AFP was shown the note from COGAT, the Israeli defense ministry body in charge of Palestinian civilian affairs, which says the field was not authorized.

But Anton Salman, who was mayor of adjacent Bethlehem when the field was built in 2021, told AFP the construction was legal.

Salman said his municipality leased the land from the Armenian Church authorities to whom it belongs, before allowing Aida camp's popular committee to manage it for the benefit of residents.

Saeed al-Azzeh, head of the popular committee, confirmed the information, calling the space, "the only breathing space" for camp residents.

"Today, more than 7,000 people live on the same piece of land. Streets are narrow, alleys are cramped -- there is nowhere else," Azzeh said, referring to the camp.
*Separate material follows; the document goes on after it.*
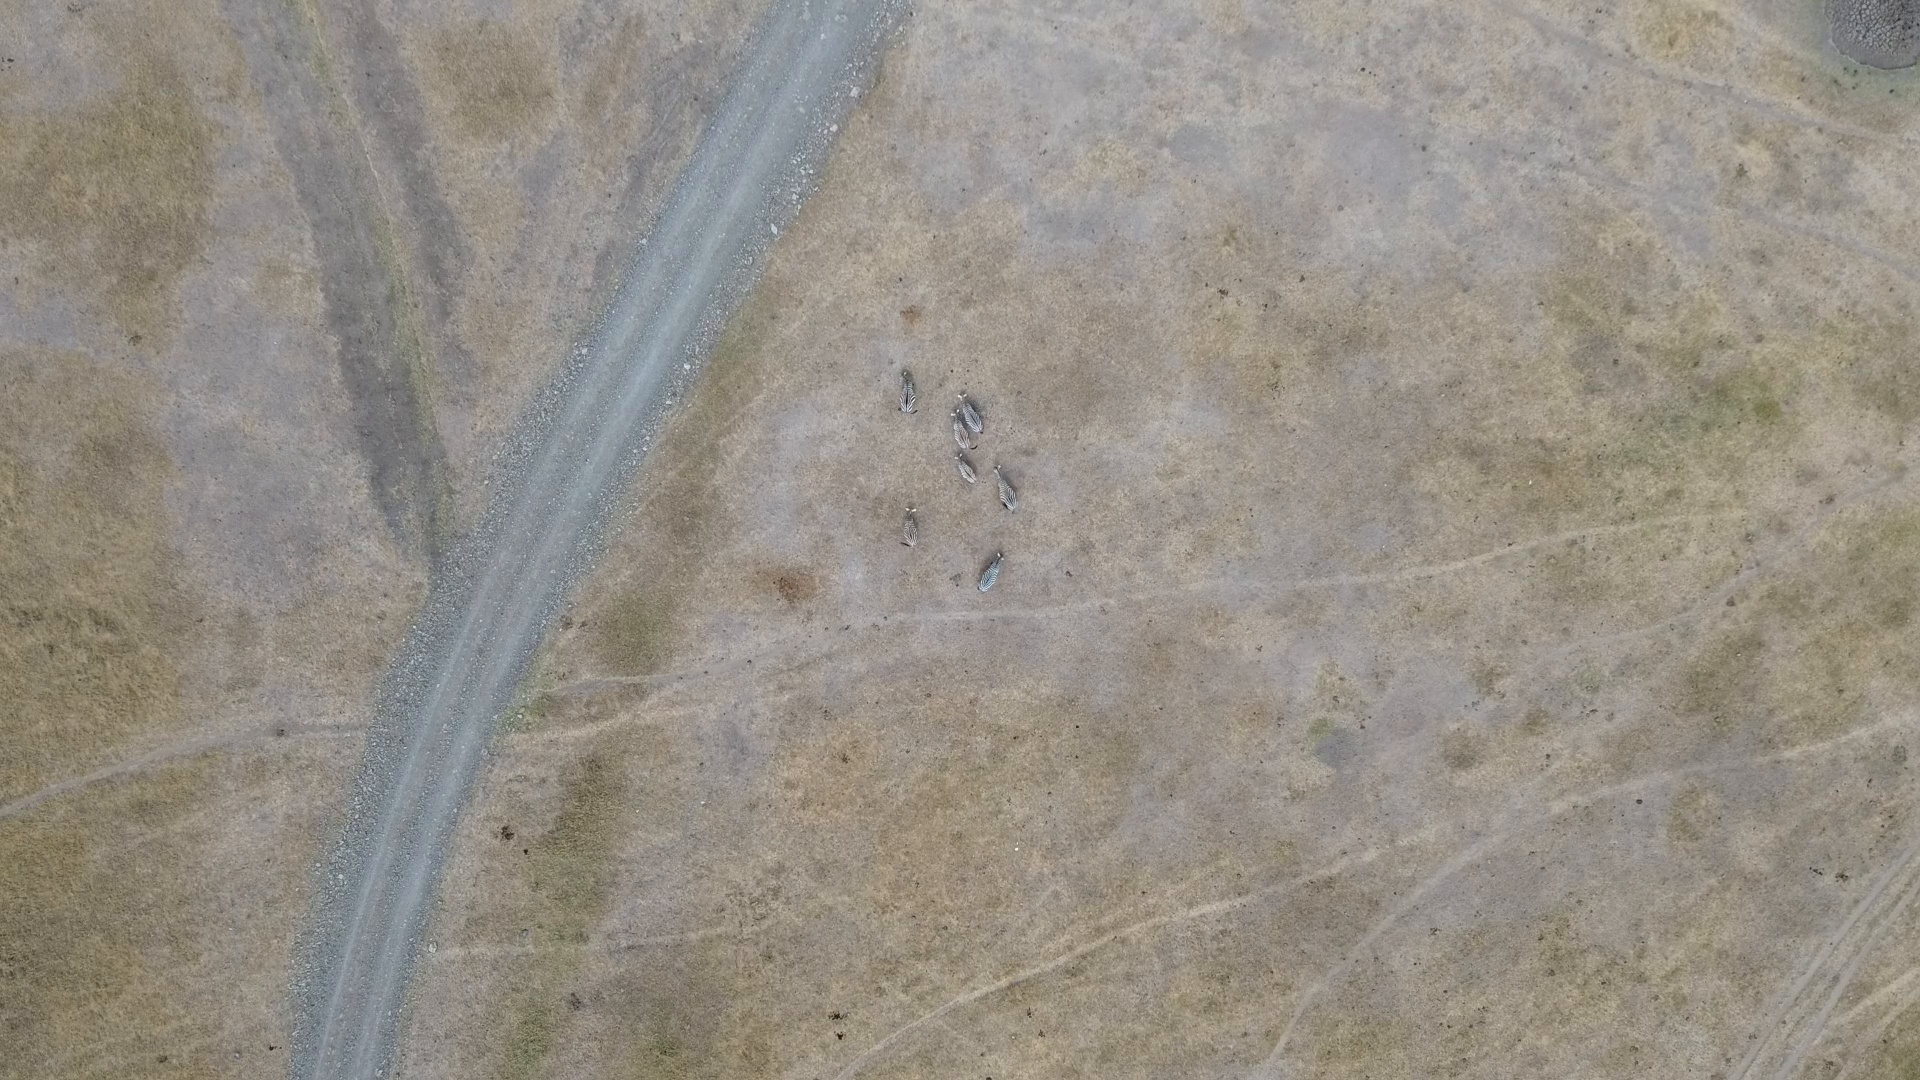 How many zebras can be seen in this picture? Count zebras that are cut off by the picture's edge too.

Like other Palestinian refugee camps, Aida was built to accommodate some of the hundreds of thousands of people who either fled their homes or were forced out during the creation of Israel in 1948.

With time, tents gave way to concrete buildings, with the football field representing one of the few open spaces in the camp's dense patchwork.

Abu Srour is proud of what came out of the field, with youth sports delegations able to travel abroad to play, a welcome escape from the West Bank's myriad restrictions.

This is because checkpoints, a fixture of the West Bank since the start of Israel's occupation, have multiplied since the start of the war in Gaza.

Abu Srour mentioned that bringing a local team to Ramallah, a city 20 kilometers (12.5 miles) away as the crow flies, took six hours recently, instead of one hour in the past.

Restricted mobility is a major issue for most Palestinian athletes as it makes it nearly impossible for athletes of similar levels from different cities to train together.

Waseem Abu Sal, who was the first Palestinian boxer to participate in the Olympics, told AFP he frequently sparred with athletes of different levels or weight categories for lack of mobility.

Taking a short break from running a practice for 50 excited five- to 10-year-old boys, coach Mahmud Jandia told AFP he hoped the field would remain.

"Yes, the wall is there -- it feels like a prison -- but despite that, the most important thing is that the field remains and the children keep playing."

"If the field is demolished, all the children's dreams will be demolished with it."